Cycloartane triterpene glycosides from rhizomes of Cimicifuga foetida L. with lipid-lowering activity on 3T3-L1 adipocytes.

Cycloartane triterpene glycosides from rhizomes of Cimicifuga foetida L. with lipid-lowering activity on 3T3-L1 adipocytes. Fitoterapia. 2020 May 25;:104635 Authors: Shi Q, Lu S, Li D, Lu J, Zhou L, Qiu M Abstract Six previously undescribed cycloartane triterpenes glycosides, cimimanols A-F (1-6), together with thirteen known analogues (7-19) were isolated from the rhizomes of Cimicifuga foetida. Among them, cimimanol A (1) was the first example of cycloartane triterpene glycoside featuring a unique cyclic carbonate, and cimimanol B (2) was a rare trinortriterpene glycoside. The chemical structures and absolute configurations of new compounds were determined on the basis of comprehensive spectroscopic analysis, chemical method, and X-ray crystal diffraction, as well as quantum chemistry calculations. Finally, all these compounds were evaluated for their lipid-lowering effect on 3T3-L1 adipocytes.
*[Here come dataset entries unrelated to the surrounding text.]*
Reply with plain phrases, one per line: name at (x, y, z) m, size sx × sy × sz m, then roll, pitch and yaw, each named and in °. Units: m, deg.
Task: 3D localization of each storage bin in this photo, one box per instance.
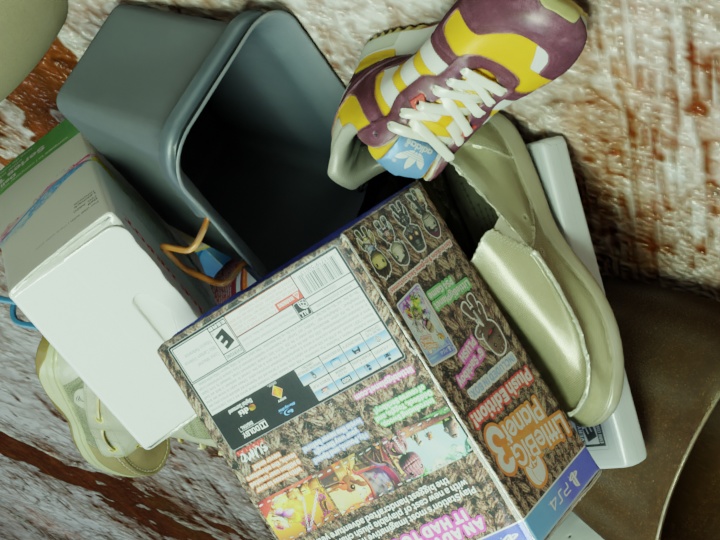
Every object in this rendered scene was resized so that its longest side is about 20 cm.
storage bin at (-0.095, -0.072, 1.103) m, size 0.134 × 0.146 × 0.200 m, roll 20°, pitch 162°, yaw 35°

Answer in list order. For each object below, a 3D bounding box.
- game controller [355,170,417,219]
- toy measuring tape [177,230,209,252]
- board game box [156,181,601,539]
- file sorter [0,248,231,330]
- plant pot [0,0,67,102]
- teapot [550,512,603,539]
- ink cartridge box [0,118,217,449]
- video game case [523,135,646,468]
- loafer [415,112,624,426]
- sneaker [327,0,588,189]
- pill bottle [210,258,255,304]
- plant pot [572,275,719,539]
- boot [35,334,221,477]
game controller at (0.000, 0.000, 1.112) m, size 0.042 × 0.105 × 0.201 m, roll 20°, pitch 127°, yaw -2°
toy measuring tape at (-0.104, -0.058, 1.264) m, size 0.199 × 0.074 × 0.074 m, roll -20°, pitch 139°, yaw 28°
board game box at (0.010, 0.080, 1.002) m, size 0.159 × 0.097 × 0.201 m, roll -30°, pitch 94°, yaw 36°
file sorter at (-0.194, 0.018, 1.428) m, size 0.138 × 0.123 × 0.200 m, roll 6°, pitch 154°, yaw 35°
plant pot at (-0.303, -0.151, 1.105) m, size 0.199 × 0.135 × 0.201 m, roll 19°, pitch 158°, yaw 8°
teapot at (0.185, 0.230, 1.295) m, size 0.147 × 0.199 × 0.197 m, roll 69°, pitch 165°, yaw -17°
ink cartridge box at (-0.162, 0.003, 1.140) m, size 0.145 × 0.084 × 0.200 m, roll 53°, pitch -178°, yaw -27°
video game case at (0.091, 0.030, 1.109) m, size 0.023 × 0.201 × 0.182 m, roll -16°, pitch -179°, yaw -35°
loafer at (0.086, 0.003, 1.025) m, size 0.068 × 0.201 × 0.076 m, roll -16°, pitch 163°, yaw -35°
sneaker at (0.050, -0.093, 0.950) m, size 0.075 × 0.091 × 0.200 m, roll 29°, pitch 159°, yaw -19°
pill bottle at (-0.056, 0.028, 1.325) m, size 0.113 × 0.113 × 0.200 m, roll 27°, pitch 159°, yaw -13°
plant pot at (0.164, 0.080, 1.173) m, size 0.199 × 0.187 × 0.187 m, roll 28°, pitch 164°, yaw 29°
boot at (-0.147, 0.112, 1.349) m, size 0.154 × 0.072 × 0.200 m, roll 8°, pitch 149°, yaw 21°

Compounds 1-3, 6-10, 12-16, 18-19 could significantly reduce the fat accumulation in 3T3-L1 adipocytes, especially compounds 8, 9, 14, and 15 exhibited strong lipid-lowering effect at the concentration of 10 μM, with inhibition rates ranging from 8.35% to 12.07%. PMID: 32464254 [PubMed - as supplied by publisher]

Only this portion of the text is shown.